• ruh ikizimi annesi doğuramadan düşük yapmış herhalde diye kanaat getirdiğim hadise.

    (bkz: rest in peace darling)
  • aranmaksizin karsilasilan, cumlelerinizi tamamlayip konusmadan iletesebilen, ne istediginizi soylemeksizin anlayip kendi isteklerini dogru mesajlayabilen, beklentilerinizi istemeden sunan ve sunulmayi cokca hakeden kardes, dost aile arkadas sevgili.. hepsinden bi parca tasiyan ama asla ne kardesiniz ne sevgiliniz ne de ailenizden herhangi biri olmasini istemeyeceginiz , her ihtiyaciniz oldugunda yaninizda olan ve ihtiyac duydugunda kosacaginiz, asla oturup bos ya da huzursuz konusmalar yapamayacaginiz, minumum konusmalarla sinirlanmis maksimum paylasimlar yasadiginiz ara sira hayatina dokundugunuz ve hayatiniza dokunan, hep var oldugunu bildiginiz ve bilmek istediginiz, gelmesini asla beklemediginiz cunku dusundugunuzde cikip geliveren her zaman hissedebildiginiz ve hissedildiginizi bildiginiz guzel, ince, duyarli, zarif ve sizin de boyle olma hevesinizi yukselterek sizi guzellestiren sizi baskisiz degistiren,olgunlastiran ve ayni yonde degisime acik olan ,hayatinizin biryerlerinde hep kesiseceginiz guzel insan...

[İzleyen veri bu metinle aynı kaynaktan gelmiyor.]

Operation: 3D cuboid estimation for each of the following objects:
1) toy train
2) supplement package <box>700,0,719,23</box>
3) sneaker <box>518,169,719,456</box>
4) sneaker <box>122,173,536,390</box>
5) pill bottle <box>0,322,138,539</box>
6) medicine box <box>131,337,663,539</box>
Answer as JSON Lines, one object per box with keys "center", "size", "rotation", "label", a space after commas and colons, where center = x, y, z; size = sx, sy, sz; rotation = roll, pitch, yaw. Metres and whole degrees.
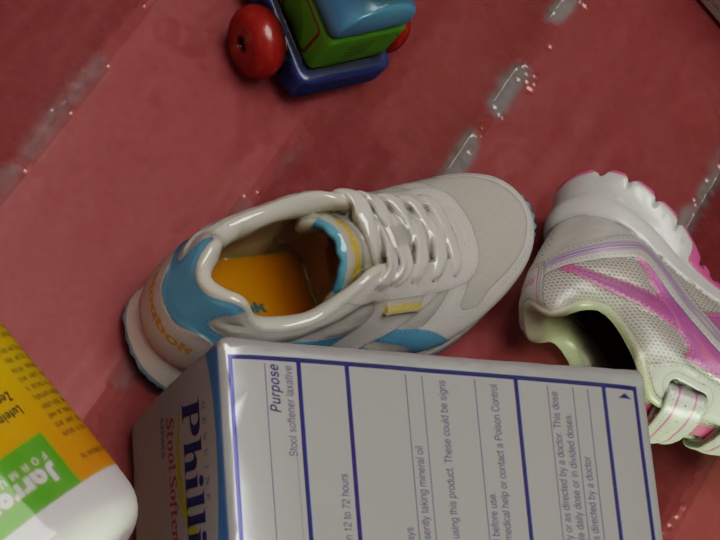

  • var böyle bir şey. ben buldum.
    şimdi size tanışma hikayemizi anlatıyorum. 2007 yılında yemen'in sanaa kentinde karşılaştık. kendisinin 20 gün boyunca ilk gördüğümüz peştemal giymeyen erkek olmasının, onun ruh eşim olduğunu düşünmemde etken olduğunu düşünmeyin sakın. otel resepsiyonunda kayıt yaptırırken karşılaştık o ve yanında arjantinli arkadaşı ile (kendisi de irlandalı bu arada). bize nerelisiniz diye sordular, türkiye cevabını alınca ise çantalarından bir türk bayrağı çıkarıp sallamaya başladılar ve eklediler biz de az önce istanbul'dan geldik buraya! neyse arjantinli eleman (ki o da inanılmaz yakışıklı bir abimizdi; boşanmış ve 14 yaşında bir oğlu vardı) dior'un makyözüymüş, 2 saat sonra çatıda buluşalım katalog çekiminde kullanmak için makyaj yapmak istiyorum dedi arkadaşıma. neticede iki saat sonra buluştuk, onlar makyaj yaparken biz de steve ile sohbete başladık. geçtiğimiz yıllar boyunca hep aynı yıllarda aynı ükelere gitmişiz (bunu özel kılan şey ise bu ülkelerin hepsinin normal şartlarda gidilmeyecek yerler olması) ve en sonunda yemen'de tanışma fırsatı yakalamışız. kendisi 5 kez türkiye'ye de gelmiş, biraz türkçe biliyor, ve bunun dışında arapça ve hintçesi var ayrıa çince ve japoncası da sular seller gibi. ben de zamanında arapça ve hintçe öğrenmiş biri olarak cümlelere ingilizce girip türkçe devam edip arapça çıkmaya başladık. üstelik müthiş eğlenceli ve esprili bir çocuktu. o günden sonraki üç günümüz hiç ayrılmadan geçti. yemek zevkimizden alış veriş konusundaki tutumumuza dek her şey aynıydı. geceleri kahkahalarımız yüzünden otelin avlusu inliyordu resmen. hayatımda ilk kez kadere inandım ve evet dedim; kesinlikle tanrı var! aksi halde bunca ortak noktamın olduğu ve bunca iyi vakit geçirebildiğim bir adama neden allahın s. ettiği bir ülkede rastlayayım?!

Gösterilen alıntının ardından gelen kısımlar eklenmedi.